Research Papers: Fundamental Issues and Canonical Flows

Lift-Off Behavior of Micro and Nanoparticles in Contact With a Flat Surface

[+] Author and Article Information
Julio L. Rivera

Department of Mechanical Engineering–Engineering Mechanics,
Michigan Technological University,
Houghton 49931, MI
e-mail: jlrivera@mtu.edu

John W. Sutherland

Division of Environmental and Ecological Engineering,
Purdue University,
West Lafayette 47907, Indiana
e-mail: jwsuther@purdue.edu

Jeffrey S. Allen

Department of Mechanical Engineering–Engineering Mechanics,
Michigan Technological University,
Houghton 49931, MI
e-mail: jstallen@mtu.edu

1Corresponding author.

Contributed by the Fluids Engineering Division of ASME for publication in the Journal of Fluids Engineering. Manuscript received July 23, 2012; final manuscript received May 12, 2013; published online August 7, 2013. Assoc. Editor: Prashanta Dutta.

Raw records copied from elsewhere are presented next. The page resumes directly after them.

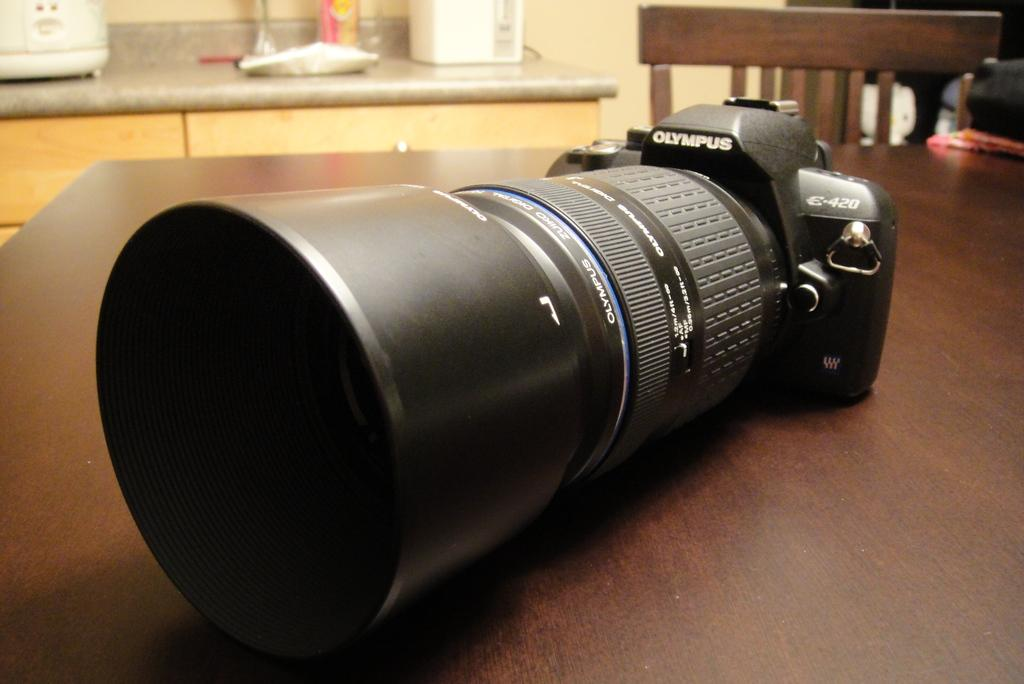What type of furniture is present in the image? There is a table and a chair in the image. What object can be found on the table? The table contains a camera. What additional feature is visible in the top left of the image? There is a counter top in the top left of the image. How many kittens are sitting on the chair in the image? There are no kittens present in the image; only a table, chair, camera, and counter top can be seen. 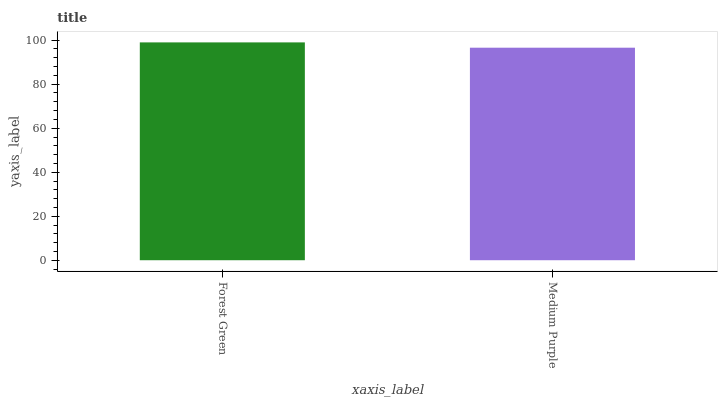Is Medium Purple the minimum?
Answer yes or no. Yes. Is Forest Green the maximum?
Answer yes or no. Yes. Is Medium Purple the maximum?
Answer yes or no. No. Is Forest Green greater than Medium Purple?
Answer yes or no. Yes. Is Medium Purple less than Forest Green?
Answer yes or no. Yes. Is Medium Purple greater than Forest Green?
Answer yes or no. No. Is Forest Green less than Medium Purple?
Answer yes or no. No. Is Forest Green the high median?
Answer yes or no. Yes. Is Medium Purple the low median?
Answer yes or no. Yes. Is Medium Purple the high median?
Answer yes or no. No. Is Forest Green the low median?
Answer yes or no. No.

J. Fluids Eng 135(10), 101205 (Aug 07, 2013) (6 pages) Paper No: FE-12-1341; doi: 10.1115/1.4024563 History: Received July 23, 2012; Revised May 12, 2013

The suspension of small particles from flat surfaces is recognized as a source of pollution and a potential hazard to exposed humans. The interaction of air flow over a particle in contact with a flat surface was studied. Parameters that affect the air flow-particle-surface interaction were taken into consideration and conditions that would lead to particle lift-off were identified. The results showed that particles 100 nm in size will lift-off from the surface for separation distances greater than 20 nm. A mapping strategy is proposed that could be used to minimize the suspension of small particles if the particle size and separation distances are known.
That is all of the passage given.